August 28, 2007

Google Monetizes YouTube - Not User Generated Content

Google paid YouTube over a billion dollars and has revealed how it plans on monetizing the site. An Adage article states that instead of running across the site's consumer-generated content, Google's in-video ads will run on 3,000 professional content partners and 70 independent partner channels. Google's new YouTube ad formats will be graphic overlays that cover the bottom 20% of the screen and go away if not clicked after 10 seconds (a method pioneered by Videoegg)

Ads on professional content partners is not a model which monetizes the core concept of User Generated Content. It could well have been achieved without acquiring YouTube in the first place, and by just uploading good professional content (with ads) on YouTube pages. Obviously there are constraints to monetizing YouTube, otherwise Google wouldn't have a chosen such a fundamentally deviant method.
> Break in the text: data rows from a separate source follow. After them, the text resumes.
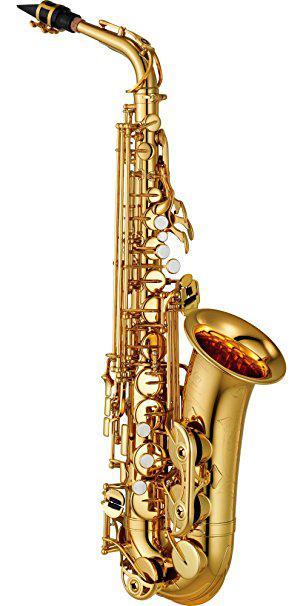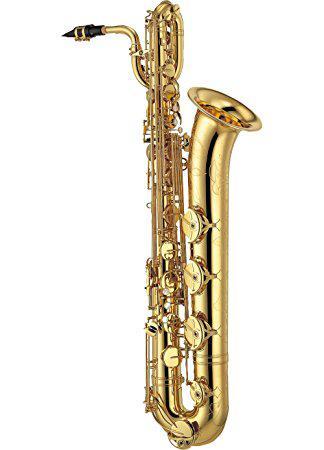The first image is the image on the left, the second image is the image on the right. Examine the images to the left and right. Is the description "Each image shows one upright gold colored saxophone with its bell facing rightward and its black-tipped mouthpiece facing leftward." accurate? Answer yes or no. Yes. The first image is the image on the left, the second image is the image on the right. For the images displayed, is the sentence "In at least one image that is a golden brass saxophone  with a black and gold mouth pieces." factually correct? Answer yes or no. Yes. 
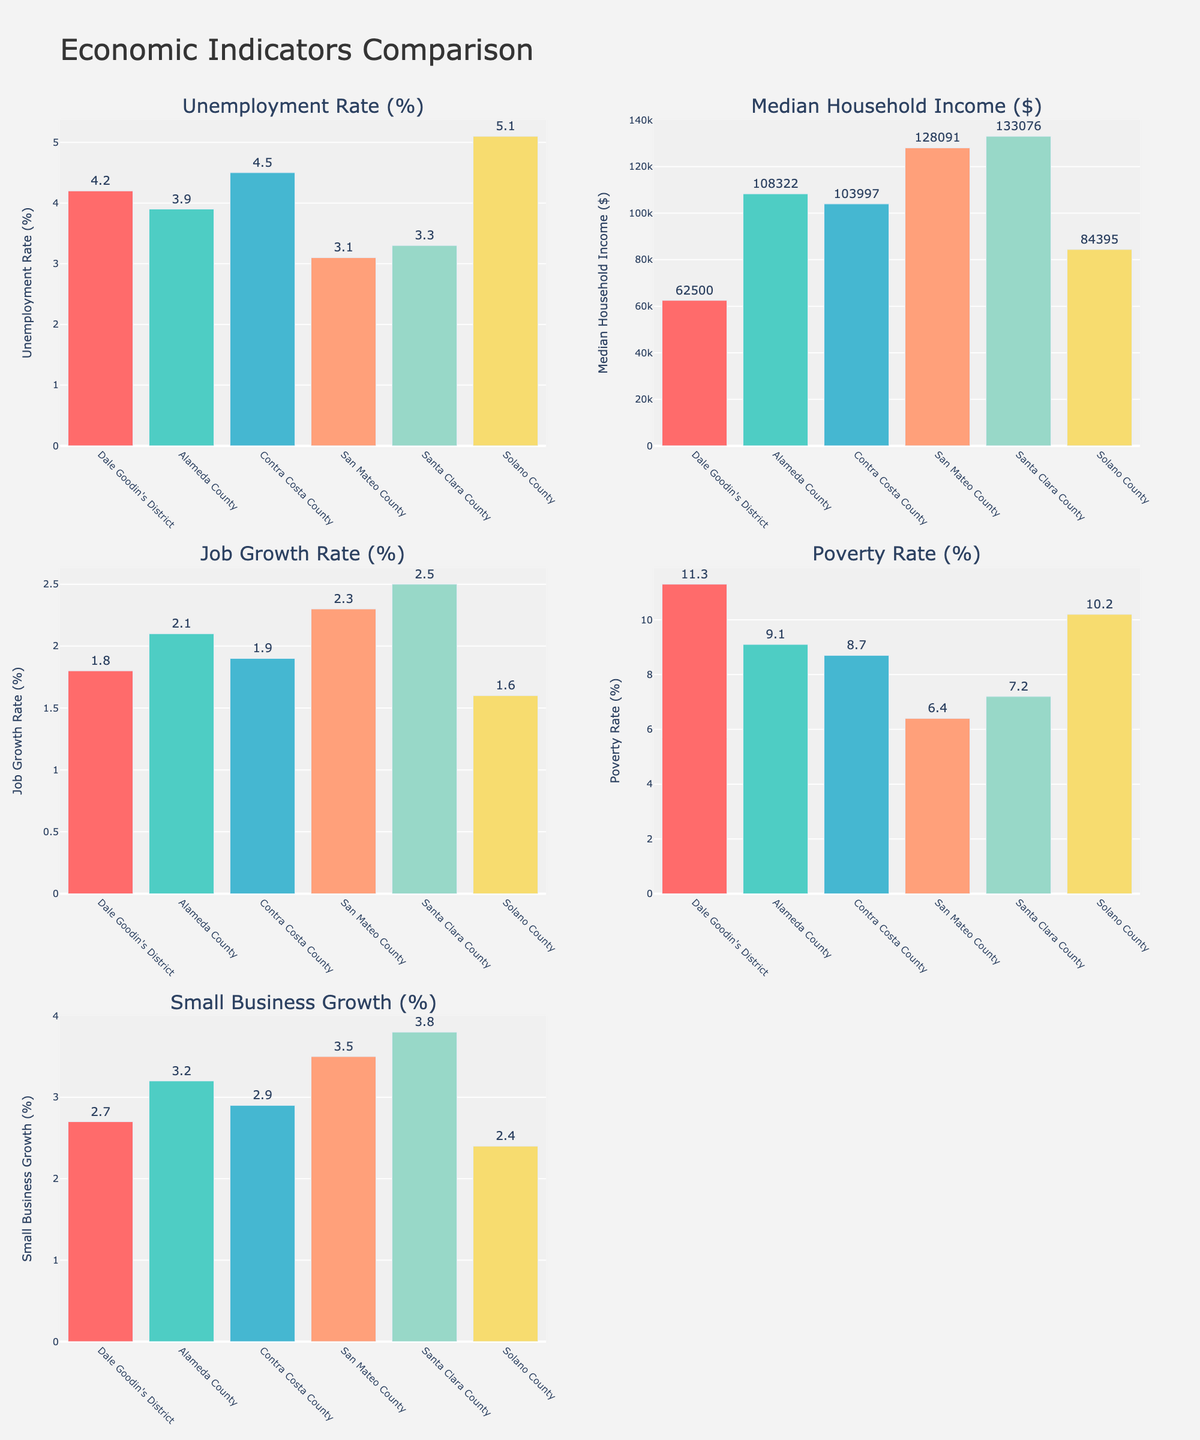what is the difference in the unemployment rate between Dale Goodin's district and Santa Clara County? To find the difference in the unemployment rate, subtract the unemployment rate of Santa Clara County (3.3%) from that of Dale Goodin's district (4.2%): 4.2 - 3.3 = 0.9%.
Answer: 0.9% Which district has the highest median household income? By comparing the median household income values, Santa Clara County has the highest value at $133,076.
Answer: Santa Clara County How does the poverty rate in Dale Goodin's district compare to Alameda County? Dale Goodin's district has a poverty rate of 11.3%, while Alameda County has a rate of 9.1%. Dale Goodin's district has a higher poverty rate by 2.2%.
Answer: Higher by 2.2% Which district has the lowest job growth rate? By looking at the job growth rates, Solano County has the lowest rate at 1.6%.
Answer: Solano County What is the combined median household income for Dale Goodin's district and Contra Costa County? The median household income for Dale Goodin's district is $62,500 and for Contra Costa County is $103,997. Adding these values gives us $62,500 + $103,997 = $166,497.
Answer: $166,497 How does the small business growth in Dale Goodin's district compare with San Mateo County? Dale Goodin's district has a small business growth of 2.7%, whereas San Mateo County has a growth of 3.5%. San Mateo County has a higher small business growth rate by 0.8%.
Answer: Higher by 0.8% What is the average unemployment rate across all districts? Adding the unemployment rates (4.2 + 3.9 + 4.5 + 3.1 + 3.3 + 5.1) and dividing by the number of districts (6), we get (24.1 / 6) = 4.02%.
Answer: 4.02% Which district exhibits the highest poverty rate and what is that rate? By comparing all districts, Dale Goodin's district exhibits the highest poverty rate at 11.3%.
Answer: Dale Goodin's district In terms of unemployment rate, which districts have rates lower than Dale Goodin’s district? Dale Goodin's district has an unemployment rate of 4.2%. The districts with lower rates are Alameda County (3.9%), San Mateo County (3.1%), and Santa Clara County (3.3%).
Answer: Alameda County, San Mateo County, Santa Clara County

Constraints to Monetizing YouTube

  • User Generated Content is that its difficult to verify all uploaded content and advertisers would hate for ads to appear in "inappropriate" or copyrighted content.
  • What about ads in the same page as the content? We are all familiar with adsense right? Well the problem is that the tags used to define these videos are diverse and is meant to drive traffic towards the video from every possible source. Automatically adsense based on tags and content becomes that much more non targeted.

What should the Monetization Model be for YouTube? (How I wish I were paid for thinking about this stuff)
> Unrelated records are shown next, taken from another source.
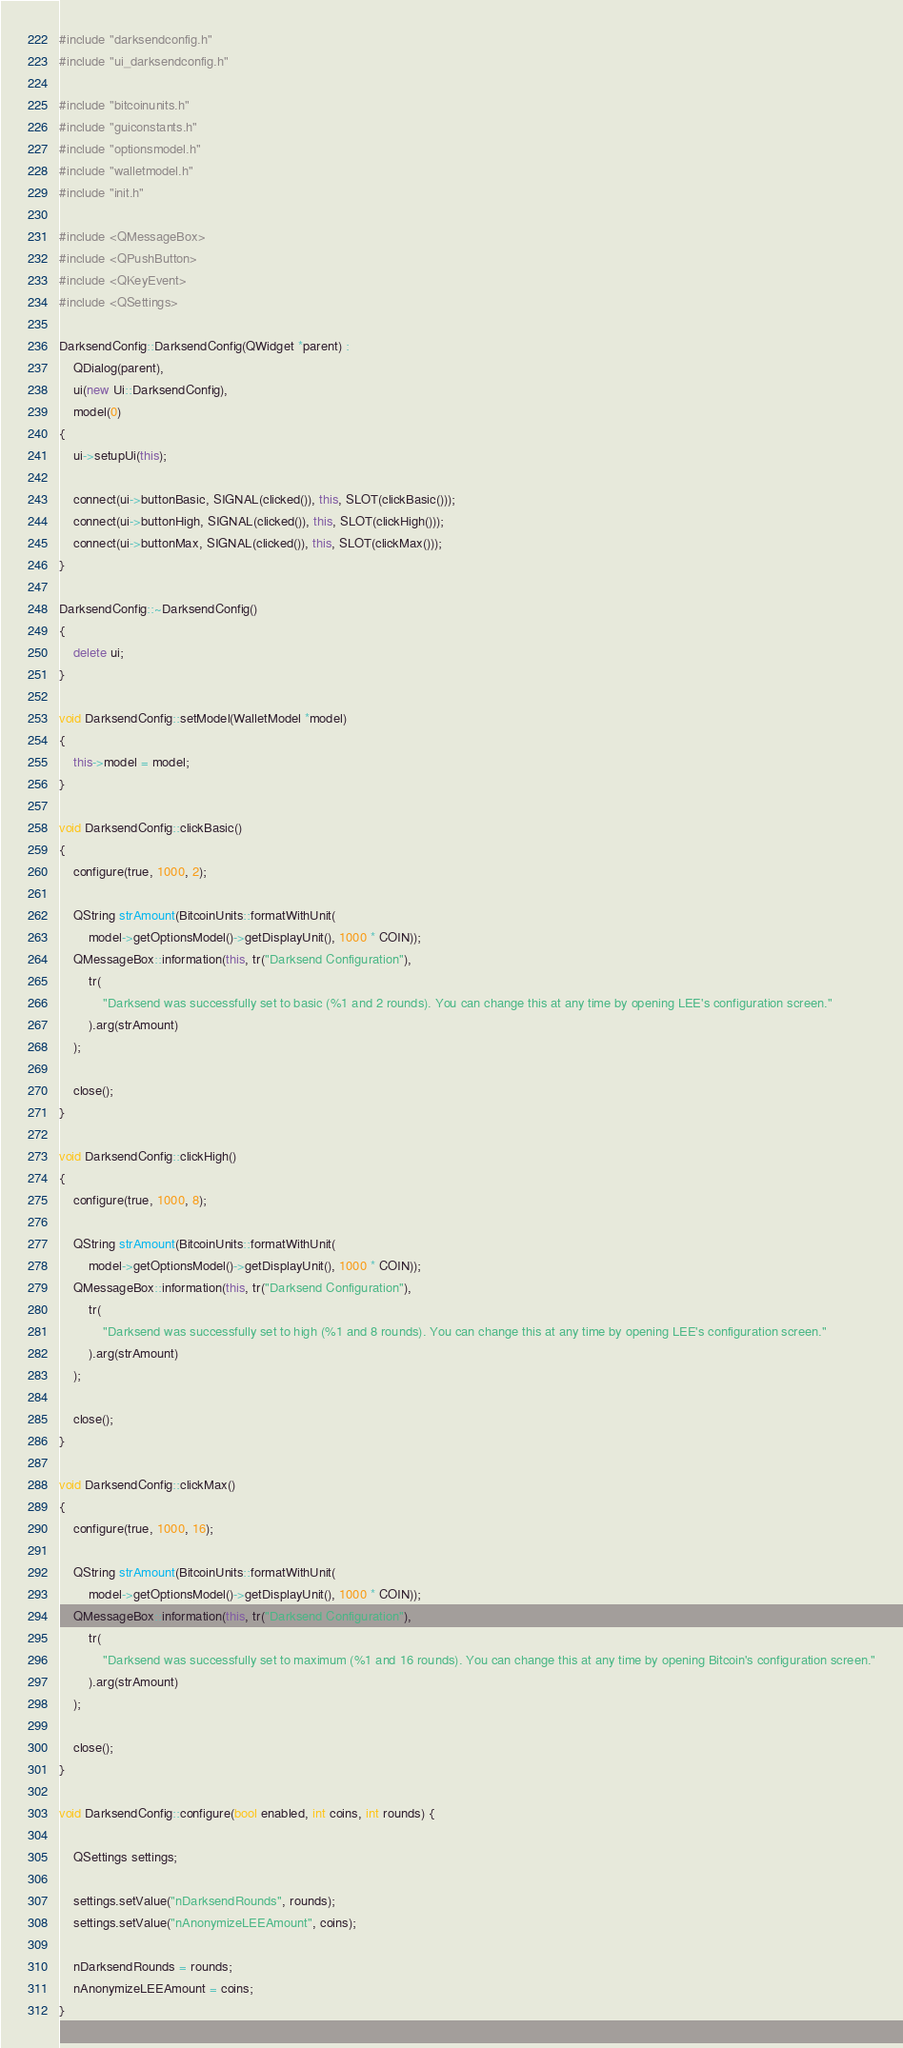<code> <loc_0><loc_0><loc_500><loc_500><_C++_>#include "darksendconfig.h"
#include "ui_darksendconfig.h"

#include "bitcoinunits.h"
#include "guiconstants.h"
#include "optionsmodel.h"
#include "walletmodel.h"
#include "init.h"

#include <QMessageBox>
#include <QPushButton>
#include <QKeyEvent>
#include <QSettings>

DarksendConfig::DarksendConfig(QWidget *parent) :
    QDialog(parent),
    ui(new Ui::DarksendConfig),
    model(0)
{
    ui->setupUi(this);

    connect(ui->buttonBasic, SIGNAL(clicked()), this, SLOT(clickBasic()));
    connect(ui->buttonHigh, SIGNAL(clicked()), this, SLOT(clickHigh()));
    connect(ui->buttonMax, SIGNAL(clicked()), this, SLOT(clickMax()));
}

DarksendConfig::~DarksendConfig()
{
    delete ui;
}

void DarksendConfig::setModel(WalletModel *model)
{
    this->model = model;
}

void DarksendConfig::clickBasic()
{
    configure(true, 1000, 2);

    QString strAmount(BitcoinUnits::formatWithUnit(
        model->getOptionsModel()->getDisplayUnit(), 1000 * COIN));
    QMessageBox::information(this, tr("Darksend Configuration"),
        tr(
            "Darksend was successfully set to basic (%1 and 2 rounds). You can change this at any time by opening LEE's configuration screen."
        ).arg(strAmount)
    );

    close();
}

void DarksendConfig::clickHigh()
{
    configure(true, 1000, 8);

    QString strAmount(BitcoinUnits::formatWithUnit(
        model->getOptionsModel()->getDisplayUnit(), 1000 * COIN));
    QMessageBox::information(this, tr("Darksend Configuration"),
        tr(
            "Darksend was successfully set to high (%1 and 8 rounds). You can change this at any time by opening LEE's configuration screen."
        ).arg(strAmount)
    );

    close();
}

void DarksendConfig::clickMax()
{
    configure(true, 1000, 16);

    QString strAmount(BitcoinUnits::formatWithUnit(
        model->getOptionsModel()->getDisplayUnit(), 1000 * COIN));
    QMessageBox::information(this, tr("Darksend Configuration"),
        tr(
            "Darksend was successfully set to maximum (%1 and 16 rounds). You can change this at any time by opening Bitcoin's configuration screen."
        ).arg(strAmount)
    );

    close();
}

void DarksendConfig::configure(bool enabled, int coins, int rounds) {

    QSettings settings;

    settings.setValue("nDarksendRounds", rounds);
    settings.setValue("nAnonymizeLEEAmount", coins);

    nDarksendRounds = rounds;
    nAnonymizeLEEAmount = coins;
}
</code>

Well one of the models that can be followed to use UGC to generate money goes like this...

User uploads Video in a specific category with specific keywords/tags => Video hits it big => Reaches a threshold viewership, rating and is shared amongst viewers in a defined period of time => Achieves a threshold rating => Reviewed by the YouTube team for content and keyword authenticity =>

Advertisers bid on keywords/categories and provide ad content to be placed in a format specified by YouTube => Advertisers choose number of videos they would like ad placed on and whether they would like 1 video a day/week etc => They can also define threshold viewership, rating etc => Highest bidders get the best videos to advertise on => Once the number of videos for highest bidder is exhausted, second highest bidder gets ads in the next most popular videos and so on => Ad is auto inserted as graphic overlays that cover bottom 20% of the screen for first 5 seconds and last 5 seconds of the video, followed by a full screen still for 1 second

Since only a limited number of videos will cross threshold viewership - monitoring and reviewing these videos is much simpler and solves some of the constraints we were discussing earlier. What remains a question is how will viewership be affected with ads on erstwhile free content?